*EXERCISE OBJECTIVE:* Only the lines below starting at the one containing "Reply with lines" and ending at the one containing "Help me with" belong in the answer, each copied exactly.

Start of AVAILABLE DATA

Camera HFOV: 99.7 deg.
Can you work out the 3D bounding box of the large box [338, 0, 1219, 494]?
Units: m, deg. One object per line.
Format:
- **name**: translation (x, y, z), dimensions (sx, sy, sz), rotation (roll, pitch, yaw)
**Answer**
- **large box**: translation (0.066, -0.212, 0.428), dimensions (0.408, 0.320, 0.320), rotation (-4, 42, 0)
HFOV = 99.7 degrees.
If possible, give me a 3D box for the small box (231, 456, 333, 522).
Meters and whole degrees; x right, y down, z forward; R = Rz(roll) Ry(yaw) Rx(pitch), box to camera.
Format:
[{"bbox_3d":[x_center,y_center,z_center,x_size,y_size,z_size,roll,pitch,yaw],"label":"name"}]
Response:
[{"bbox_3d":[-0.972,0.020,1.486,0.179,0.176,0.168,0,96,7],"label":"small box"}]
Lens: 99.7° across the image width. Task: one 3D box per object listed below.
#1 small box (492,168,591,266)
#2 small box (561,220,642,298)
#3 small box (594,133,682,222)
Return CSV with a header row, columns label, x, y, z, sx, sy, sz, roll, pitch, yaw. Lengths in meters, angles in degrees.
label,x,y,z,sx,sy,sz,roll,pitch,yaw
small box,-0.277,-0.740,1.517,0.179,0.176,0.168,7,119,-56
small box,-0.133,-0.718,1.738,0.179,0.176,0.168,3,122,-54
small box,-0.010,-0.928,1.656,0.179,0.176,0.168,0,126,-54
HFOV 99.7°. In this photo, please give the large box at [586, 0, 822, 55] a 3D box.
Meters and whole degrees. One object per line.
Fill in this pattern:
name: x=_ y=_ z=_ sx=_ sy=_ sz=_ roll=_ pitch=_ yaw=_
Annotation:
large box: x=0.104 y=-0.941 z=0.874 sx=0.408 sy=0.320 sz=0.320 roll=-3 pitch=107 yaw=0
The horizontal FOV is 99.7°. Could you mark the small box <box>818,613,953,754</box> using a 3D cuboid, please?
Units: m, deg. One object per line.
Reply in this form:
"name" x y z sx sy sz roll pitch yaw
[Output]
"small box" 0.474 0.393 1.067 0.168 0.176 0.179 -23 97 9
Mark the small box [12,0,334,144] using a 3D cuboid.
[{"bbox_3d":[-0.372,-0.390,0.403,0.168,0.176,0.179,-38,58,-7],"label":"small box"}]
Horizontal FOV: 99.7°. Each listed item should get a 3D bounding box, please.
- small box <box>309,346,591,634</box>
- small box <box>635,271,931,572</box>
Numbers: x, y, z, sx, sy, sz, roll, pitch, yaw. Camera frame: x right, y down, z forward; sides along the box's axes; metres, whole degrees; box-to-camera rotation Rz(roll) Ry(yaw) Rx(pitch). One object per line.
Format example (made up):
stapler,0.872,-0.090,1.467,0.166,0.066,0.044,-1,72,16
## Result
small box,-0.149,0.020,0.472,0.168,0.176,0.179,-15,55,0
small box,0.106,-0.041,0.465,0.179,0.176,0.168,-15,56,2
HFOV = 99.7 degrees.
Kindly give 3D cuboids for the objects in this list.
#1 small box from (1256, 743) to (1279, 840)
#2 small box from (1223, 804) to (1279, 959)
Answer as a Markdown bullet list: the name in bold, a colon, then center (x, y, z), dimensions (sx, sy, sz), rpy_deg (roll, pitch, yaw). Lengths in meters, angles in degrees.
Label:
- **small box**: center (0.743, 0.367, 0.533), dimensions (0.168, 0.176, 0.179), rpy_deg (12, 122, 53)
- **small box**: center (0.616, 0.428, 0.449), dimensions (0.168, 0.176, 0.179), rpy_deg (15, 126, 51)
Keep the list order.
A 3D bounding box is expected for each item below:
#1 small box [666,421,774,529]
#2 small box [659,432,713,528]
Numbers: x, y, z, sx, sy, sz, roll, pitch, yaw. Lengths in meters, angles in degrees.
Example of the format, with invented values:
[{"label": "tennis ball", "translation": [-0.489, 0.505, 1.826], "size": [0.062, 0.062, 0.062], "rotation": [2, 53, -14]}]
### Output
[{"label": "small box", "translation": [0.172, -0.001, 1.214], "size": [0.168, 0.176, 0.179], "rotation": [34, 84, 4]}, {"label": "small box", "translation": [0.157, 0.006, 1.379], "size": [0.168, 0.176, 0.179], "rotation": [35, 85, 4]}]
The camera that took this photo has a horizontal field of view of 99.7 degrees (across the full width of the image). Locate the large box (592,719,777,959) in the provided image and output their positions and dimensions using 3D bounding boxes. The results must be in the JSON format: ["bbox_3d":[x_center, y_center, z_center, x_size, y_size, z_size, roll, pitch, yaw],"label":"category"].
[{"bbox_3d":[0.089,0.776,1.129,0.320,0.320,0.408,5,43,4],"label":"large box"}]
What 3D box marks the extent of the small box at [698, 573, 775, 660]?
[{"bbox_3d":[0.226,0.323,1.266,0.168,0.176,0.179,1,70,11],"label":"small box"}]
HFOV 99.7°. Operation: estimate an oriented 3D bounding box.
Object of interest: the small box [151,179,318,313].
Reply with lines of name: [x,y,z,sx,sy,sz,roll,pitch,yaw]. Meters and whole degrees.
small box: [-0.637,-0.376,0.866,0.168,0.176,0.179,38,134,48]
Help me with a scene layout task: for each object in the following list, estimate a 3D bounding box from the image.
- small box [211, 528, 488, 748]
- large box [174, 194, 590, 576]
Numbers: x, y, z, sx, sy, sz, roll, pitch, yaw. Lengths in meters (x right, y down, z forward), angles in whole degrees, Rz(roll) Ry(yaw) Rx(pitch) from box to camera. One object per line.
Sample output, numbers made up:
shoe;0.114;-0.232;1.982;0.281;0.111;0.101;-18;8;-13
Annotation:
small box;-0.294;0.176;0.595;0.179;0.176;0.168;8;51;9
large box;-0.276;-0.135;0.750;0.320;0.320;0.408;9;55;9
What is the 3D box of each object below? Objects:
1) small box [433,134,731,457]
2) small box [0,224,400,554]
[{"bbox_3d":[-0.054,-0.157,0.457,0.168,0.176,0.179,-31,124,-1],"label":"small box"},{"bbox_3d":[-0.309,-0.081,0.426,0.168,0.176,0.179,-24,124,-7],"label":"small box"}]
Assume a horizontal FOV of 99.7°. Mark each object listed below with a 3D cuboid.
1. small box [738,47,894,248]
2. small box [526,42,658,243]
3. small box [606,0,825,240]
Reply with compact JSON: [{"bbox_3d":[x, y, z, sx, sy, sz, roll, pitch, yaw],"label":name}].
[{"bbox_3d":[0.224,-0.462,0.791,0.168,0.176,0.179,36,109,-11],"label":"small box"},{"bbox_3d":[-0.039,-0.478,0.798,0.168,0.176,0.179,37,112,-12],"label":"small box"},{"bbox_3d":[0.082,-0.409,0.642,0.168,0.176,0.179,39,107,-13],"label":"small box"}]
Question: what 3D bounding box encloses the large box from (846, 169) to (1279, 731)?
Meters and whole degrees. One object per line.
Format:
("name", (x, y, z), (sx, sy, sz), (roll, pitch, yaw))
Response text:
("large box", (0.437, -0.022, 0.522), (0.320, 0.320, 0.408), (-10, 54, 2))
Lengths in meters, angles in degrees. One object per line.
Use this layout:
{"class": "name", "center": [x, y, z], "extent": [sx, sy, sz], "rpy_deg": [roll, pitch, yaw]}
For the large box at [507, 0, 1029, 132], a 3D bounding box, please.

End of AVAILABLE DATA

*ANSWER SPACE:*
Reply with lines of name: [x,y,z,sx,sy,sz,roll,pitch,yaw]. Meters and whole degrees.
small box: [-0.637,-0.376,0.866,0.168,0.176,0.179,38,134,48]
Help me with a scene layout task: for each object in the following list, estimate a 3D bounding box from the image.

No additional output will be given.